08 Şubat 2012

İnsanı Tanımak - Ahmet Rıfat









Fakir düşmekten korkarak cimri olmak, malını elinde tutmakta aşırıya gitmek, herkesin rızkını veren Yüce Allah’a karşı kötü zan beslemektir. Bu gibi adamların biriktirip yığdıkları mallarını yiyemeyip bir fakir gibi vakit geçirmeleri ve vefat edinceye kadar saklayıp durdukları her şeyi bütün takımıyla varislere terk etmeleri, Yüce Allah’a olan şüphelerine karşılık olarak kendilerine verilmiş bir ceza olsa gerek. Bu gayet kolayca anlaşılabilen bir gerçektir. (s: 19-20)…


Filozoflardan bazıları cimriyi ipekböceğine benzetmişlerdir. Bu böcek gayet kısa olan hayatında nefsini korumak için uğraşarak bir koza yapar. Sonunda yaptığı kozanın içinde ölür ve o kozadan başkaları faydalanırlar. (s: 20)



Her yapılan şeyi kusurlu gören, gönül azabından kurtulamaz; zamanla da sözleri ve davranışları etkisini kaybeder. (s: 22)



Yanlış dua da yapmamalı! Meselâ; meydanda bir belâ veya mûsîbet yokken, “Allah’ım, beni sabredenlerden eyle!” demek yanlıştır. Çünkü sabrın belâ üzerine istenmesi gerekir. O hâlde bu dua kabul olununca, ilk önce bir belânın meydana gelmesi gerekir ki onun üzerine sabır gerçekleşsin! (s: 33)



Bunun gibi “Allah’ım beni kimseye muhtaç etme!” diye dua etmek de hatadır. Hz. Ali bir gün adamın böyle dua ettiğini işitince, “Yahu sen ölmek mi istiyorsun? İnsan sağ oldukça kendi cinsine ihtiyaçtan uzakta kalabilir mi? Ama sen, Ya Rabbî beni insanların kötüsüne muhtaç etme! de.” diye buyurmuşlardır. (s:33)



Cömert odur ki, kendisine ihtiyaç arz olunmadan evvel onu gören, istekten önce ihtiyacı giderendir.
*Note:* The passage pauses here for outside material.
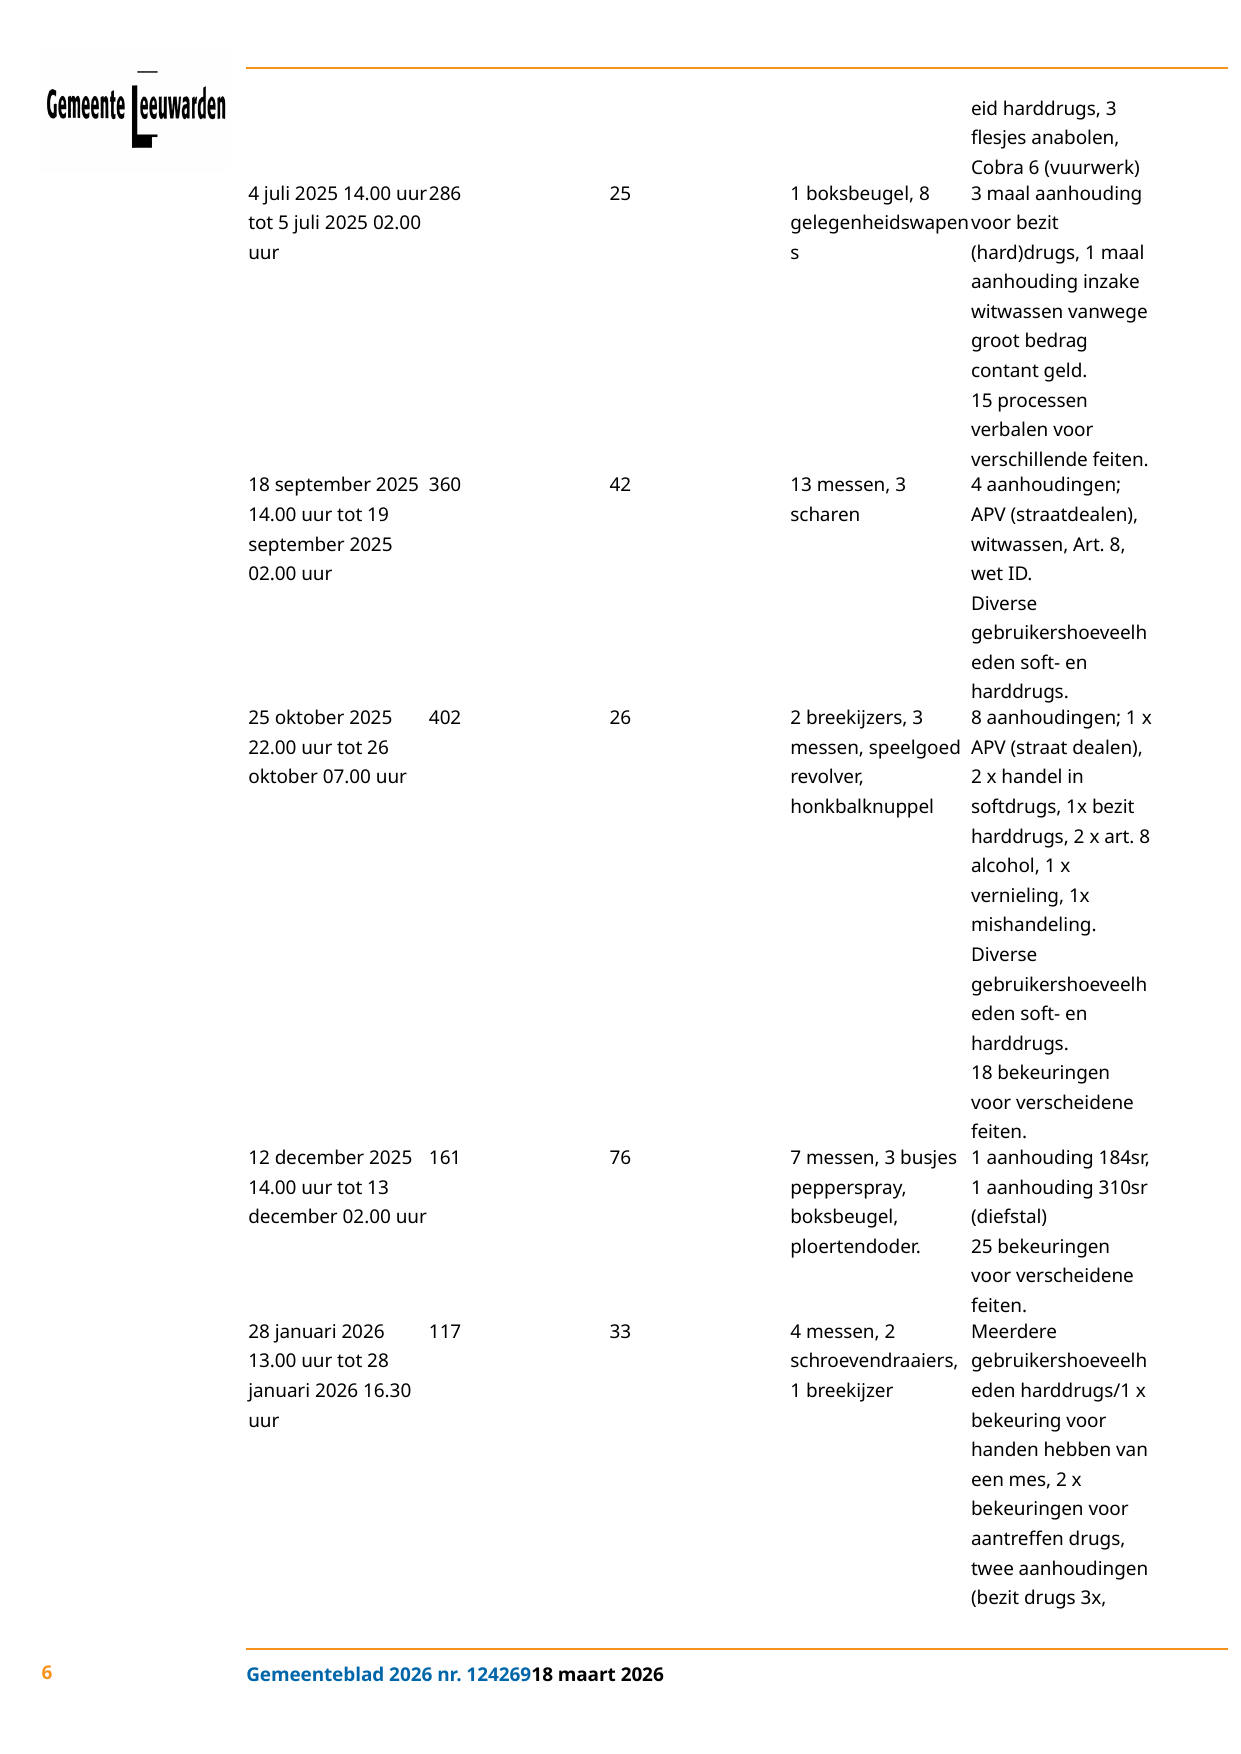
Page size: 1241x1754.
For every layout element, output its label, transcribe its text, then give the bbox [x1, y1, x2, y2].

Yoksa ihtiyaç arz edildikten sonra –yani muhtaç kişi ar perdesini yırtıp zelîl bir şekilde kapıyı çaldıktan sonra- bahşiş kesesini çözüp açan kişiye cömert denmez. Buna olsa olsa, “istenilince veren” kişi unvanı verilebilir. (s: 112)



Büyüklenen kişiler adam yerine konmamalı! Başı yukarıda olan servi ağacı mezarlara yaraşır. Ondan meyve beklenmez. Meyveyi, meyve veren ağaçlarda ve aşağı eğilen dallarda aramalı! (s: 123)

(Hayat Yayınları, 2011, 128 sayfa)

beyaz



KİTABIN ARKA KAPAĞINDAN:



Bir çok şerefli nitelikli diğer canlılardan ayrılan en seçkin, en gelişmiş varlıktır insan...



İyi insan, erdemli insan, yücelere gönül veren insan... Elbette belli bir ahlâk düzenine ve ölçüsüne uyan; plânlanmış bir eğitimden, daha doğrusu değerler eğitiminden geçmiş insandır.



Elinizdeki kitap, işte bu amaca katkıda bulunmak için ortada. İyi insan olabilmenin temel değerlerini ele alıyor ve yaşanan hayatla bir bağ kurarak açıklamaya çalışıyor.



"Adalet, güler yüzlülük, cesaret, edep, erdem, vatan sevgisi, hürmet, yumuşak huyluluk, tedbirli olmak, merhamet, yardımlaşma..."



Bu değerler, hiç şüphesiz dün olduğu kadar bugün de önemli, yarın da önemli olacaktır.